Following the start of the Fearless Tour, “White Horse” was, not surprisingly, a nightly part of the set list, performed in the album arrangement with the spotlight always on Taylor and her carefully heartbreaking delivery of the lyrics. However, in a choice that comes off as painfully ironic in retrospect, just a month into the tour, at Taylor’s first-ever performance at the Staples Center in Los Angeles (a venue that would quickly become steeped in Taylor history), she brought up none other than future ex-boyfriend John Mayer to perform the song with her. While only captured on audience-shot video, this performance of the song is still incredibly significant, both as a time capsule and as a stark warning that 32-year-old John should have heeded before messing with 19-year-old Taylor and getting an even more searing breakup song written about him:
Since the end of the Fearless Tour, Taylor has performed “White Horse” only a handful of times, always as a Surprise Song (somehow, she never once played it on the Speak Now Tour, where it would have made a powerful pairing with “Dear John”). I’ll leave with the two most powerful post-Fearless Tour performances, both of which were also performed with special guests.
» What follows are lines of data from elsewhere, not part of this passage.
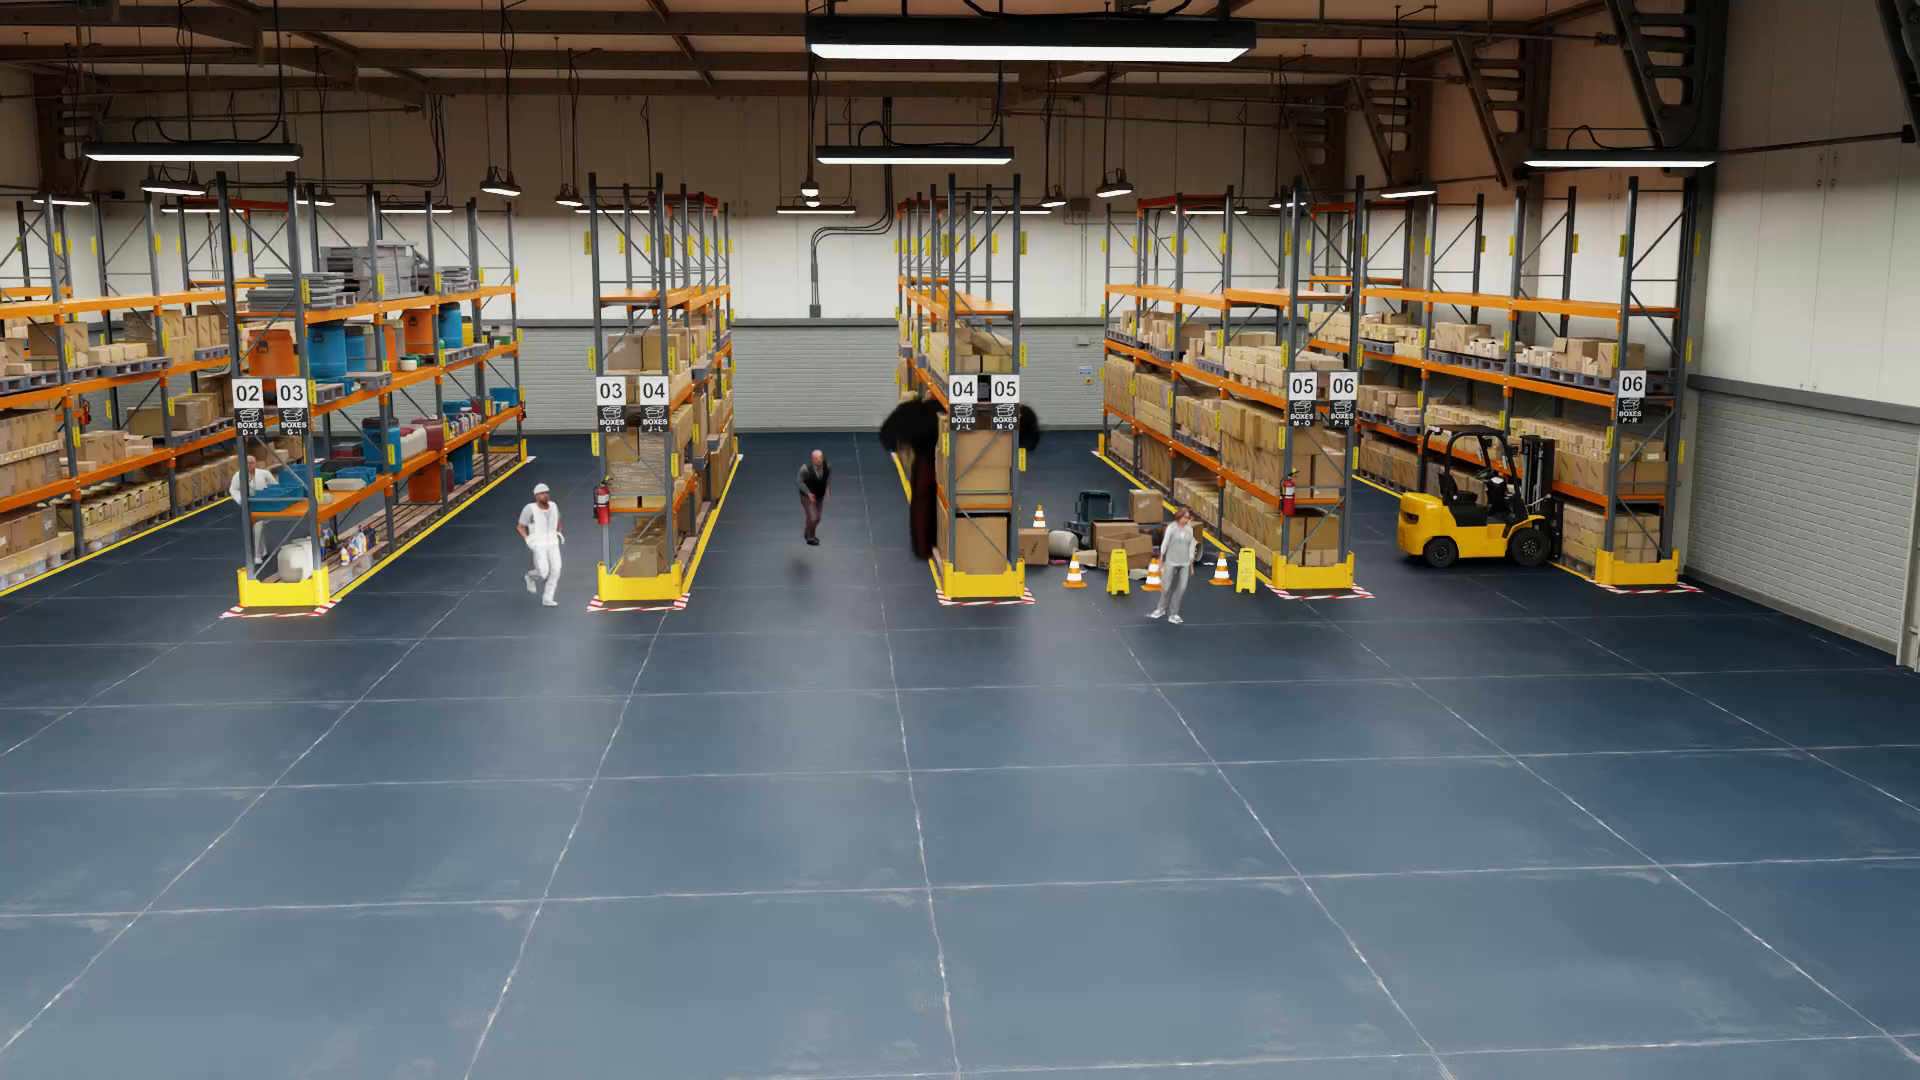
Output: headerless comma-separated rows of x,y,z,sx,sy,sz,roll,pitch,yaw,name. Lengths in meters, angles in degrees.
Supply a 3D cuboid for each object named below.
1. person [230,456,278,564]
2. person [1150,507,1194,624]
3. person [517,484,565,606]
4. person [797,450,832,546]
-11.297,-0.520,26.693,0.707,1.731,0.863,-2,10,-9,person
2.856,0.329,22.296,0.543,1.583,0.434,-3,10,-14,person
-5.884,0.060,23.414,0.684,1.731,0.647,-9,13,-41,person
-2.338,-0.667,26.423,0.659,1.604,0.870,-8,13,-38,person
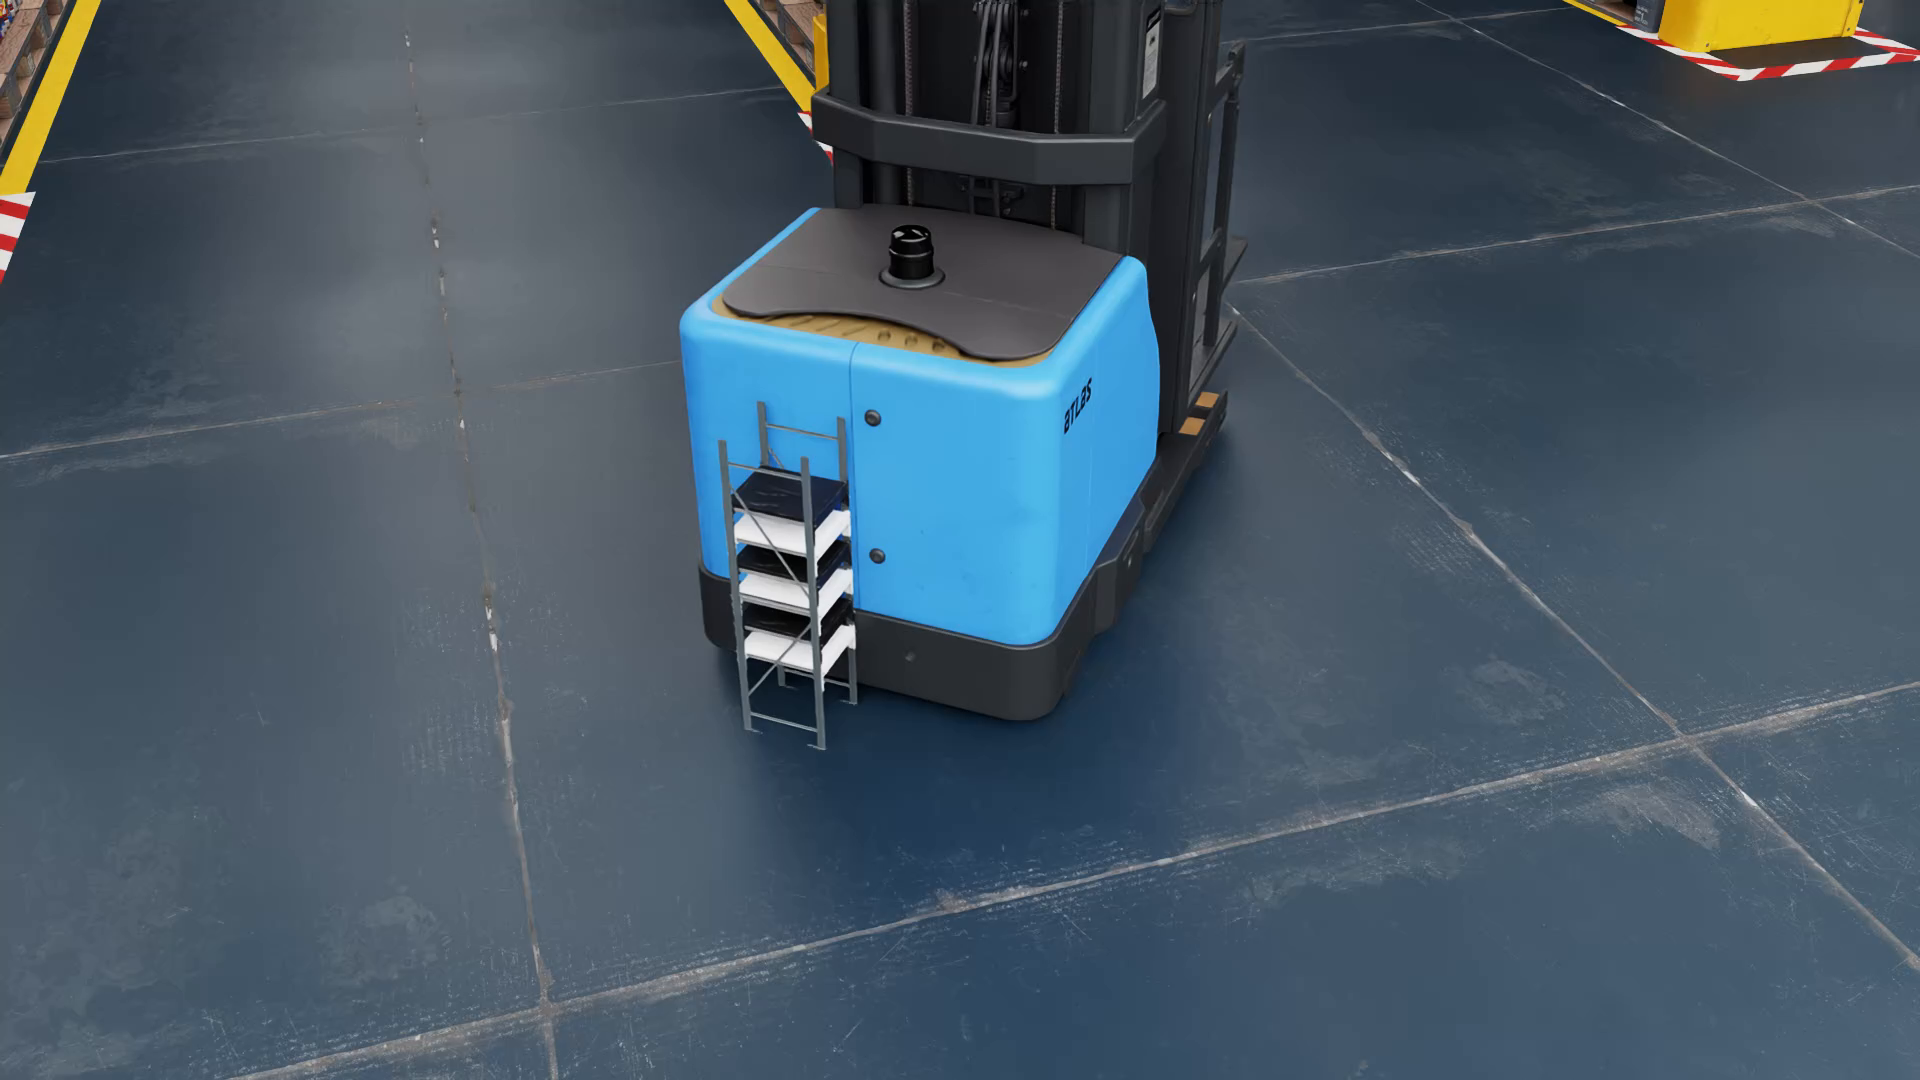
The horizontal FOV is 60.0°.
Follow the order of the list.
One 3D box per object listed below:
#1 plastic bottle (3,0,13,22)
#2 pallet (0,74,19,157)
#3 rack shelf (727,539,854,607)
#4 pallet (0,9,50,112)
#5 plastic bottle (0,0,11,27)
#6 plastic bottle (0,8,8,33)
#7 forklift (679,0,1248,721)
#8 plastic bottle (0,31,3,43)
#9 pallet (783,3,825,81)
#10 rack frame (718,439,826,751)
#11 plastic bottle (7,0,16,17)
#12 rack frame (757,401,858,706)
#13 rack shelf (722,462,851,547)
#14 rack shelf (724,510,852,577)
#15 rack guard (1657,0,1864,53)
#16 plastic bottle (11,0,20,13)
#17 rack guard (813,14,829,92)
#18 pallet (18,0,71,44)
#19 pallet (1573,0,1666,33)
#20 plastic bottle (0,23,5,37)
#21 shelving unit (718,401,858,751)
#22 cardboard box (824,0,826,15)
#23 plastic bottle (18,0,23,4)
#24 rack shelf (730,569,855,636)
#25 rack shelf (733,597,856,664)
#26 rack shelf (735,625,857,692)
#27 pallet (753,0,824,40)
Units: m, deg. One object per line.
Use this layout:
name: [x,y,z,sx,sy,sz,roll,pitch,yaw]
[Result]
plastic bottle: [-5.286,-2.981,9.117,0.097,0.271,0.097,0,33,0]
pallet: [-5.144,-1.889,7.917,1.003,0.211,1.213,-10,35,-15]
rack shelf: [-0.431,0.059,4.242,0.258,0.077,0.200,12,35,18]
pallet: [-5.512,-2.528,8.885,1.003,0.211,1.213,-10,35,-15]
plastic bottle: [-5.255,-2.898,9.054,0.097,0.201,0.097,0,33,0]
plastic bottle: [-5.225,-2.875,8.956,0.097,0.271,0.097,0,33,0]
forklift: [0.286,-1.549,4.935,1.130,2.935,3.031,12,35,18]
plastic bottle: [-5.141,-2.769,8.785,0.061,0.283,0.133,-9,35,-14]
pallet: [-0.354,-2.735,9.197,1.003,0.211,1.213,-10,35,-15]
rack frame: [-0.468,0.158,4.194,0.240,0.900,0.006,12,35,18]
plastic bottle: [-5.317,-3.006,9.217,0.097,0.201,0.097,0,33,0]
rack frame: [-0.393,0.054,4.352,0.240,0.900,0.006,12,35,18]
rack shelf: [-0.431,-0.091,4.143,0.258,0.077,0.200,12,35,18]
rack shelf: [-0.431,-0.016,4.192,0.258,0.077,0.200,12,35,18]
rack guard: [4.645,-3.151,9.566,1.175,0.500,0.348,-10,35,-15]
plastic bottle: [-5.380,-3.094,9.283,0.152,0.276,0.135,-9,35,-14]
rack guard: [-0.139,-2.423,8.463,1.175,0.500,0.348,-10,35,-15]
pallet: [-5.888,-3.170,9.856,1.003,0.211,1.213,-10,35,-15]
pallet: [4.320,-3.450,10.280,1.003,0.211,1.213,-10,35,-15]
plastic bottle: [-5.194,-2.822,8.876,0.097,0.271,0.097,0,33,0]
shelving unit: [-0.431,0.106,4.273,0.258,0.900,0.210,12,35,18]
cardboard box: [-0.506,-3.197,9.254,0.500,0.500,0.500,-1,33,-2]
plastic bottle: [-5.425,-3.211,9.393,0.144,0.351,0.185,-10,35,-15]
rack shelf: [-0.431,0.134,4.291,0.258,0.077,0.200,12,35,18]
rack shelf: [-0.431,0.209,4.341,0.258,0.077,0.200,12,35,18]
rack shelf: [-0.431,0.284,4.391,0.258,0.077,0.200,12,35,18]
pallet: [-0.722,-3.374,10.165,1.003,0.211,1.213,-10,35,-15]

The first was also at the Staples Center on the 1989 Tour when Taylor brought up Orange is the New Black‘s Uzo Aduba to duet on the song with her, and the result is a powerful country-soul arrangement that elevates the song further:
And the second was from earlier this year on the Eras Tour in Sydney, when Taylor brought up opener (and protégé) Sabrina Carpenter to duet on a stripped-down piano version of the song during the Surprise Song set. While not quite as soulful as Uzo Aduba’s vocals, Sabrina’s vocals, combined with Taylor’s, still add a lovely touch to the song, especially when the song moves seamlessly into “Coney Island,” a song that unexpectedly but perfectly mashes up with “White Horse” and gives it an even more mature feel. It’s without question one of my favorite mashups she’s done on the Eras Tour.